> _TASK STATEMENT_: Write out the records again, exactly, leaving none out.

> _DATA RECORDS_:
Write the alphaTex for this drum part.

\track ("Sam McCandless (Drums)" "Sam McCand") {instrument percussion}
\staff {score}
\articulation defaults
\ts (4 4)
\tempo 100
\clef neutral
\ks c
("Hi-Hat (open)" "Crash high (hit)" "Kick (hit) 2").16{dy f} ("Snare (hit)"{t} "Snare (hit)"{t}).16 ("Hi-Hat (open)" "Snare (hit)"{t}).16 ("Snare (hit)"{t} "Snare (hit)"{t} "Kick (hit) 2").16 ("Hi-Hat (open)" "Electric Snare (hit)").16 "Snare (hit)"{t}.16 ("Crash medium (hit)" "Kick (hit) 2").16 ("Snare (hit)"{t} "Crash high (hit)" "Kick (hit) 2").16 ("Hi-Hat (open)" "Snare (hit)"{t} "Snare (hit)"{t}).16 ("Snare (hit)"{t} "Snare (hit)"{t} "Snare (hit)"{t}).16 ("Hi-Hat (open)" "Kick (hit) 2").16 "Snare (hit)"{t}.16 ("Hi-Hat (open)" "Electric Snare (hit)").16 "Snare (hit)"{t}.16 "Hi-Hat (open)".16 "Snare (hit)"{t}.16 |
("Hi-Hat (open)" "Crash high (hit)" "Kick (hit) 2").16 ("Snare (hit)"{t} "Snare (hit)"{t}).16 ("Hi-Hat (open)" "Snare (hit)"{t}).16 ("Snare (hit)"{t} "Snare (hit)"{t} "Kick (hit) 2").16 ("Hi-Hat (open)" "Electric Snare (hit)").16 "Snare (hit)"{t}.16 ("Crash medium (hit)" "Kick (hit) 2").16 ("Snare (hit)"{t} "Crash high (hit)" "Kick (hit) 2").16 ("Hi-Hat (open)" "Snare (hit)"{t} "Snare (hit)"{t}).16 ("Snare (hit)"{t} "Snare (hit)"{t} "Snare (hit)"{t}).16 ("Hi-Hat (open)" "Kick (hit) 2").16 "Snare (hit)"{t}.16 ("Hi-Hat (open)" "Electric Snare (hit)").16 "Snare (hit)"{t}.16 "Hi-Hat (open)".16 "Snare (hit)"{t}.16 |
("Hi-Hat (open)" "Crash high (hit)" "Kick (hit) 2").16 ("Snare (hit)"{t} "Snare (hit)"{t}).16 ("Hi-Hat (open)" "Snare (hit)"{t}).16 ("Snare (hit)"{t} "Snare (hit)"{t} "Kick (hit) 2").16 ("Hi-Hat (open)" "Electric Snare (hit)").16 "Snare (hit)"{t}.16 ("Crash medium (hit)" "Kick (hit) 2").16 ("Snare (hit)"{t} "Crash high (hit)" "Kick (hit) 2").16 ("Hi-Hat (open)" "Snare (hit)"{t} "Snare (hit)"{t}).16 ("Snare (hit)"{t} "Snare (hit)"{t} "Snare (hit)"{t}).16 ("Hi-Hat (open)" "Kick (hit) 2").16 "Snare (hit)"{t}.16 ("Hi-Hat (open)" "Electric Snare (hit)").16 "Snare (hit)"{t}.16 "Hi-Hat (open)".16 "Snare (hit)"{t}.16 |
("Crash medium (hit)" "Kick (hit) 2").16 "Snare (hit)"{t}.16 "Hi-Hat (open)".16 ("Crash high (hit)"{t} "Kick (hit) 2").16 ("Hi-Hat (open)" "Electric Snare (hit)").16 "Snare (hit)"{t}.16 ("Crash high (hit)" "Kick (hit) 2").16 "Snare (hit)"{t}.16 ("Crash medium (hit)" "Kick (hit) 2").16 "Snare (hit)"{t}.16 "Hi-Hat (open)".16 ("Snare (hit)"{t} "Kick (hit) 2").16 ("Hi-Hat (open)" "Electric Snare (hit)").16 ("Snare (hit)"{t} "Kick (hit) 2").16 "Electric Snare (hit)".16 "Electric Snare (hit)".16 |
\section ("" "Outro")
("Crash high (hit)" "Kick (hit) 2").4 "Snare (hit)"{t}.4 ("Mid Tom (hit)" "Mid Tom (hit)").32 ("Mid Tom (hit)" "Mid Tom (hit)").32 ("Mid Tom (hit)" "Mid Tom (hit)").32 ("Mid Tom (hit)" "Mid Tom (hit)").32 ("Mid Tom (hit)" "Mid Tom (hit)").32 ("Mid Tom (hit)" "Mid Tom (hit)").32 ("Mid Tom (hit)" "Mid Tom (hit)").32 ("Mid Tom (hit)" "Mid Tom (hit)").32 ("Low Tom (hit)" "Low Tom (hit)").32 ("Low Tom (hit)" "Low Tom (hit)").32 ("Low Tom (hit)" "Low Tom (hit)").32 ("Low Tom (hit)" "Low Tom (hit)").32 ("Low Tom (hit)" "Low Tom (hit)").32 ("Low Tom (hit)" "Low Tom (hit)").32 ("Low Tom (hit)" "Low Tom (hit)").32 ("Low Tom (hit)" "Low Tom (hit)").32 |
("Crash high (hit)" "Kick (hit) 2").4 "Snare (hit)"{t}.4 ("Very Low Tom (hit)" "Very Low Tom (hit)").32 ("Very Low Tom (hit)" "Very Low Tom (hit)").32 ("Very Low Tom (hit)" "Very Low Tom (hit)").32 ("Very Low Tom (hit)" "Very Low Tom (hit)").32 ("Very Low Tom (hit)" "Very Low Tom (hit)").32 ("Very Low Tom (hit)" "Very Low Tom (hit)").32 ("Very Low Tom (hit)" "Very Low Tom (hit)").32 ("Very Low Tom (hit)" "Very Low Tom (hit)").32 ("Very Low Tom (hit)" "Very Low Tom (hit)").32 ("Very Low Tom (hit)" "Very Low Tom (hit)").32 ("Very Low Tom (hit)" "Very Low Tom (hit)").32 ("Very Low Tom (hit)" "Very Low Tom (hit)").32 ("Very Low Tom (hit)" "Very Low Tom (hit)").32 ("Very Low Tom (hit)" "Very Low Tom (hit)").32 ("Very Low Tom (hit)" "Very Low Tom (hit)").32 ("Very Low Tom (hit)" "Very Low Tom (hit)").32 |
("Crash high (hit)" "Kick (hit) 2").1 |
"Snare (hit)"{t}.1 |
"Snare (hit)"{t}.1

> _ANSWER FOR THIS EXERCISE_:
Write the alphaTex for this drum part.

\track ("Sam McCandless (Drums)" "Sam McCand") {instrument percussion}
\staff {score}
\articulation defaults
\ts (4 4)
\tempo 100
\clef neutral
\ks c
("Hi-Hat (open)" "Crash high (hit)" "Kick (hit) 2").16{dy f} ("Snare (hit)"{t} "Snare (hit)"{t}).16 ("Hi-Hat (open)" "Snare (hit)"{t}).16 ("Snare (hit)"{t} "Snare (hit)"{t} "Kick (hit) 2").16 ("Hi-Hat (open)" "Electric Snare (hit)").16 "Snare (hit)"{t}.16 ("Crash medium (hit)" "Kick (hit) 2").16 ("Snare (hit)"{t} "Crash high (hit)" "Kick (hit) 2").16 ("Hi-Hat (open)" "Snare (hit)"{t} "Snare (hit)"{t}).16 ("Snare (hit)"{t} "Snare (hit)"{t} "Snare (hit)"{t}).16 ("Hi-Hat (open)" "Kick (hit) 2").16 "Snare (hit)"{t}.16 ("Hi-Hat (open)" "Electric Snare (hit)").16 "Snare (hit)"{t}.16 "Hi-Hat (open)".16 "Snare (hit)"{t}.16 |
("Hi-Hat (open)" "Crash high (hit)" "Kick (hit) 2").16 ("Snare (hit)"{t} "Snare (hit)"{t}).16 ("Hi-Hat (open)" "Snare (hit)"{t}).16 ("Snare (hit)"{t} "Snare (hit)"{t} "Kick (hit) 2").16 ("Hi-Hat (open)" "Electric Snare (hit)").16 "Snare (hit)"{t}.16 ("Crash medium (hit)" "Kick (hit) 2").16 ("Snare (hit)"{t} "Crash high (hit)" "Kick (hit) 2").16 ("Hi-Hat (open)" "Snare (hit)"{t} "Snare (hit)"{t}).16 ("Snare (hit)"{t} "Snare (hit)"{t} "Snare (hit)"{t}).16 ("Hi-Hat (open)" "Kick (hit) 2").16 "Snare (hit)"{t}.16 ("Hi-Hat (open)" "Electric Snare (hit)").16 "Snare (hit)"{t}.16 "Hi-Hat (open)".16 "Snare (hit)"{t}.16 |
("Hi-Hat (open)" "Crash high (hit)" "Kick (hit) 2").16 ("Snare (hit)"{t} "Snare (hit)"{t}).16 ("Hi-Hat (open)" "Snare (hit)"{t}).16 ("Snare (hit)"{t} "Snare (hit)"{t} "Kick (hit) 2").16 ("Hi-Hat (open)" "Electric Snare (hit)").16 "Snare (hit)"{t}.16 ("Crash medium (hit)" "Kick (hit) 2").16 ("Snare (hit)"{t} "Crash high (hit)" "Kick (hit) 2").16 ("Hi-Hat (open)" "Snare (hit)"{t} "Snare (hit)"{t}).16 ("Snare (hit)"{t} "Snare (hit)"{t} "Snare (hit)"{t}).16 ("Hi-Hat (open)" "Kick (hit) 2").16 "Snare (hit)"{t}.16 ("Hi-Hat (open)" "Electric Snare (hit)").16 "Snare (hit)"{t}.16 "Hi-Hat (open)".16 "Snare (hit)"{t}.16 |
("Crash medium (hit)" "Kick (hit) 2").16 "Snare (hit)"{t}.16 "Hi-Hat (open)".16 ("Crash high (hit)"{t} "Kick (hit) 2").16 ("Hi-Hat (open)" "Electric Snare (hit)").16 "Snare (hit)"{t}.16 ("Crash high (hit)" "Kick (hit) 2").16 "Snare (hit)"{t}.16 ("Crash medium (hit)" "Kick (hit) 2").16 "Snare (hit)"{t}.16 "Hi-Hat (open)".16 ("Snare (hit)"{t} "Kick (hit) 2").16 ("Hi-Hat (open)" "Electric Snare (hit)").16 ("Snare (hit)"{t} "Kick (hit) 2").16 "Electric Snare (hit)".16 "Electric Snare (hit)".16 |
\section ("" "Outro")
("Crash high (hit)" "Kick (hit) 2").4 "Snare (hit)"{t}.4 ("Mid Tom (hit)" "Mid Tom (hit)").32 ("Mid Tom (hit)" "Mid Tom (hit)").32 ("Mid Tom (hit)" "Mid Tom (hit)").32 ("Mid Tom (hit)" "Mid Tom (hit)").32 ("Mid Tom (hit)" "Mid Tom (hit)").32 ("Mid Tom (hit)" "Mid Tom (hit)").32 ("Mid Tom (hit)" "Mid Tom (hit)").32 ("Mid Tom (hit)" "Mid Tom (hit)").32 ("Low Tom (hit)" "Low Tom (hit)").32 ("Low Tom (hit)" "Low Tom (hit)").32 ("Low Tom (hit)" "Low Tom (hit)").32 ("Low Tom (hit)" "Low Tom (hit)").32 ("Low Tom (hit)" "Low Tom (hit)").32 ("Low Tom (hit)" "Low Tom (hit)").32 ("Low Tom (hit)" "Low Tom (hit)").32 ("Low Tom (hit)" "Low Tom (hit)").32 |
("Crash high (hit)" "Kick (hit) 2").4 "Snare (hit)"{t}.4 ("Very Low Tom (hit)" "Very Low Tom (hit)").32 ("Very Low Tom (hit)" "Very Low Tom (hit)").32 ("Very Low Tom (hit)" "Very Low Tom (hit)").32 ("Very Low Tom (hit)" "Very Low Tom (hit)").32 ("Very Low Tom (hit)" "Very Low Tom (hit)").32 ("Very Low Tom (hit)" "Very Low Tom (hit)").32 ("Very Low Tom (hit)" "Very Low Tom (hit)").32 ("Very Low Tom (hit)" "Very Low Tom (hit)").32 ("Very Low Tom (hit)" "Very Low Tom (hit)").32 ("Very Low Tom (hit)" "Very Low Tom (hit)").32 ("Very Low Tom (hit)" "Very Low Tom (hit)").32 ("Very Low Tom (hit)" "Very Low Tom (hit)").32 ("Very Low Tom (hit)" "Very Low Tom (hit)").32 ("Very Low Tom (hit)" "Very Low Tom (hit)").32 ("Very Low Tom (hit)" "Very Low Tom (hit)").32 ("Very Low Tom (hit)" "Very Low Tom (hit)").32 |
("Crash high (hit)" "Kick (hit) 2").1 |
"Snare (hit)"{t}.1 |
"Snare (hit)"{t}.1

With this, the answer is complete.